I am not a man, I am a number.
Specifically, I am Box 1397, and people stuff me full of paper. After every screening at the Palais des Festivals, it’s customary to drop by the press boxes and see what new flyers, advertisements or magazines have been delivered by hopeful publicists. The boxes aren’t enormous – see photo – but I came back from today’s festivalgoing with the equivalent of the Toronto white pages in my bag. Not the kind of weight you want to lug around to five screenings, the press junket for Blindness and a seaside interview with Montréal director Denis Villeneuve, who’s here with an inventive little short called Next Floor. Oh, and to a spur-of-the-moment interview by a student documentary crew, for which I’ll post a link as soon as it goes online.
Fortunately, there are recycling bins everywhere in the press areas, and people are using them very efficiently: I saw one reporter simply pivot on his hip and dump the contents of his box out into a nearby bin in one swift, elegant movement.
I haven’t worked up the courage to do that yet; I’m afraid I might unwittingly toss out an invitation to a party. Of course, that would mean someone had invited me to a party, and that I had time to go.
Where was I? Oh, right, seeing movies. I’ve had the full range today, starting with Pablo Trapero’s grimy Leonera (“Lion’s Den”), about a pregnant woman who’s allowed to raise her child in prison while awaiting trial for the murder of the man who may have fathered him; great performance from Martina Gusman in the lead, but the script was patchier than I would have liked.
Next, there was Kung Fu Panda, which is much, much, much better than you might think – it’s funny, it’s clever, it’s visually sumptuous and I’d even go so far as to call it the first non-Pixar effort to approach that studio’s standard for fully realized characters and environments. This is a terrific kung-fu picture that just happens to use talking animals instead of human beings.
Third up was Three Monkeys, which has no monkeys in it at all; instead, it’s Turkish director Nuri Bilge Ceylan’s latest grim drama, revolving around a family trying desperately to ignore at least two horrible truths gnawing away at their lives. It ain’t a crowd-pleaser – the pacing is grindingly slow, and Ceylan’s digitally tweaked palette takes its inspiration from a tobacco stain – but it does what it does very well.

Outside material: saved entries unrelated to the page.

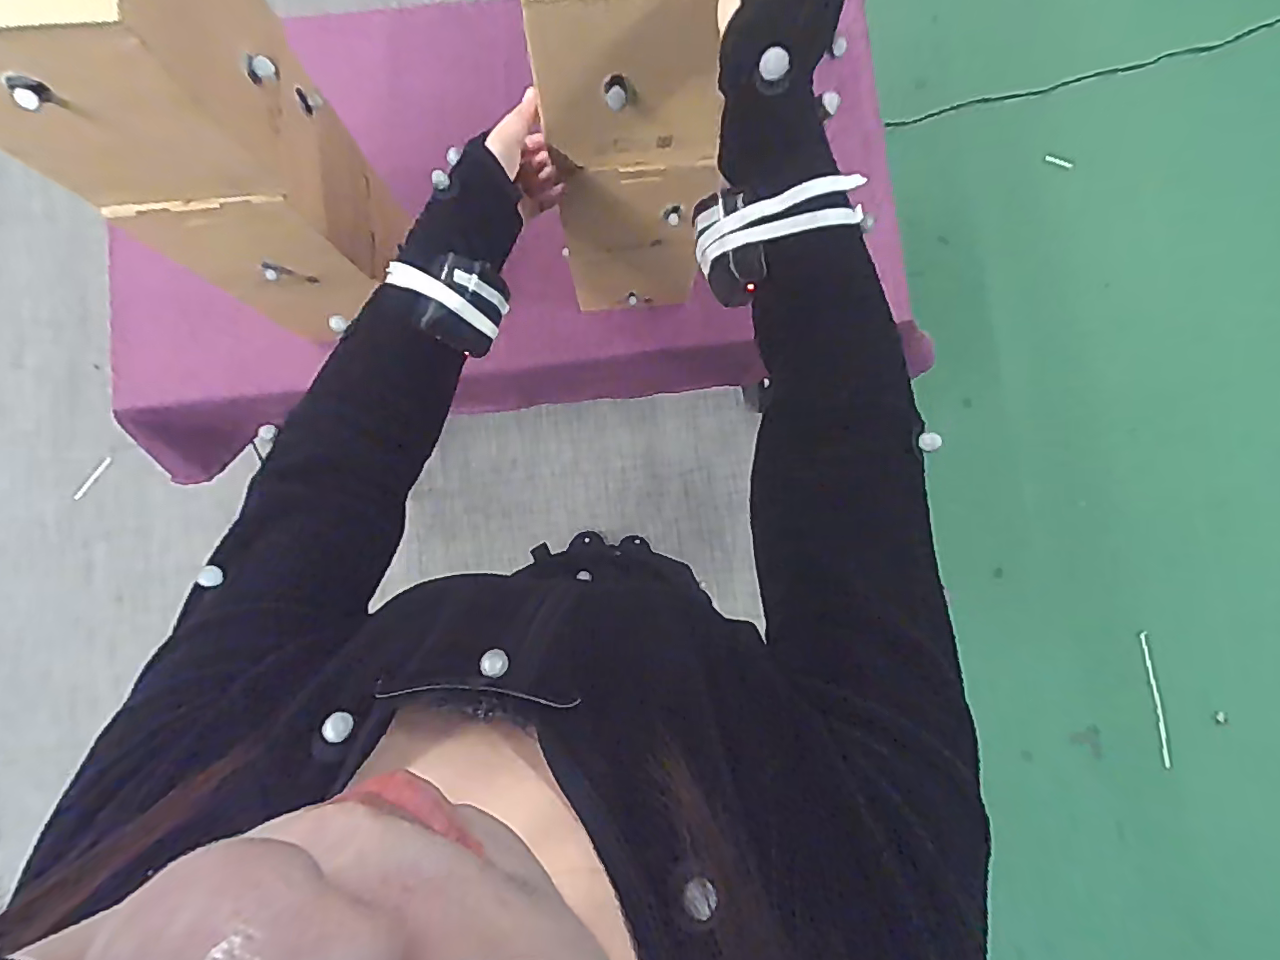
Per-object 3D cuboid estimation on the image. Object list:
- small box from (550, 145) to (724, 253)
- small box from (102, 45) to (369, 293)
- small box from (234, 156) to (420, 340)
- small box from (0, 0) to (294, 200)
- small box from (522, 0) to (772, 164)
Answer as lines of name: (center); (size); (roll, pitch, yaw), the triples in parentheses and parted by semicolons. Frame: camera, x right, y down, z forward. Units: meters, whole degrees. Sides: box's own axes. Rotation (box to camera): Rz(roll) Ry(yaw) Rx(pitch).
small box: (-0.010, -0.366, 0.591); (0.168, 0.176, 0.179); (-6, 86, -3)
small box: (-0.412, -0.323, 0.576); (0.168, 0.176, 0.179); (-6, 86, -1)
small box: (-0.416, -0.305, 0.741); (0.179, 0.176, 0.168); (-8, 85, -3)
small box: (-0.403, -0.339, 0.413); (0.179, 0.176, 0.168); (-5, 85, -3)
small box: (-0.005, -0.379, 0.428); (0.168, 0.176, 0.179); (-6, 86, -4)

Fourth and best of the day was Hunger, about which I expect you’ll be hearing a great deal before too long. An impressionistic drama about Bobby Sands’ 1981 hunger strike, it’s a devastating and defiantly non-partisan film that’s going to piss off some people by its refusal to stake out a moral position.

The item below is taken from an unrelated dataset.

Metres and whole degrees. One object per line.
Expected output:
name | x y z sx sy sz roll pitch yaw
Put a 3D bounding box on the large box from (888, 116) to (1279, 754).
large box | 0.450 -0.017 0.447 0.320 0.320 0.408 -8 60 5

Not me, though; its deliberate refusal to take a side is one of the most thrilling things about it, along with a bravura central sequence in which Sands (the terrific Michael Fassbender) debates the value of suicidal resistance with a priest (Liam Cunningham) bent on talking him out of it. And yes, the director’s name is Steve McQueen. No relation.

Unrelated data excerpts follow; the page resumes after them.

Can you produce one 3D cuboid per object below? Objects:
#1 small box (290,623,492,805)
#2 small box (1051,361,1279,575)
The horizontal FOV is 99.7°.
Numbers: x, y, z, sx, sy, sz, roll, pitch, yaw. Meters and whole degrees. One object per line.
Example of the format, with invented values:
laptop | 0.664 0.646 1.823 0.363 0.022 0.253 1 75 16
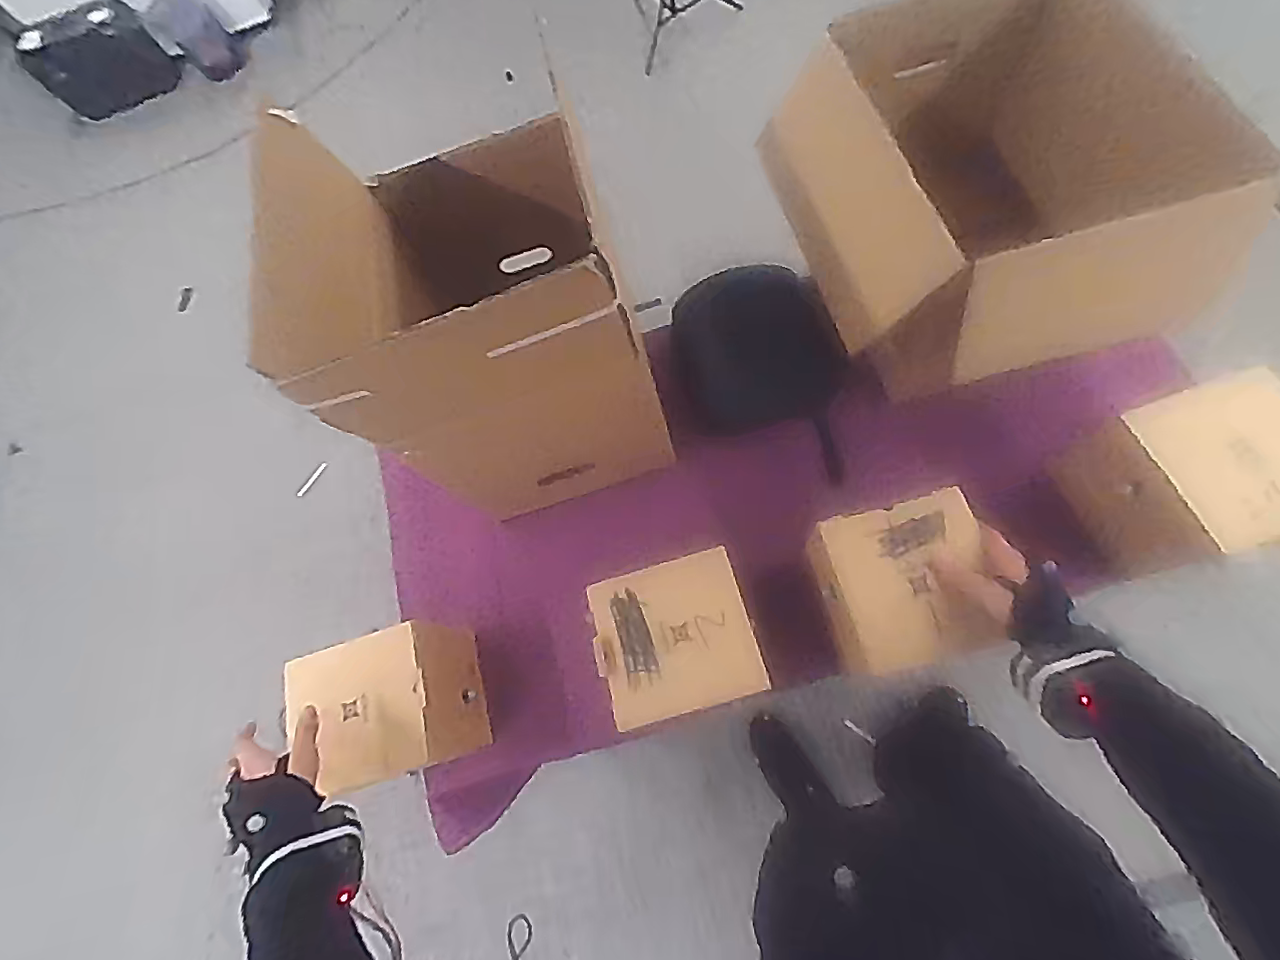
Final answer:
small box | -0.322 0.303 0.717 0.179 0.176 0.168 -19 68 2
small box | 0.651 -0.004 0.646 0.168 0.176 0.179 -21 68 4

Finally, I closed the night with a screening of Tokyo!, a trio of short works by Michel Gondry, Leos Carax and Bong Joon Ho set in the titular Japanese city. As you’d expect from these directors, the films are idiosyncratic and eccentric in equal measure – only Michel Gondry would tell a story in which a young woman realizes her destiny by becoming a chair – but they’re enjoyable enough as a lark.
Cannes fun fact: The seats in the Salle Debussy are equipped with little flip-up writing surfaces, such as those seen in university lecture halls. Nobody uses them, but they’re there.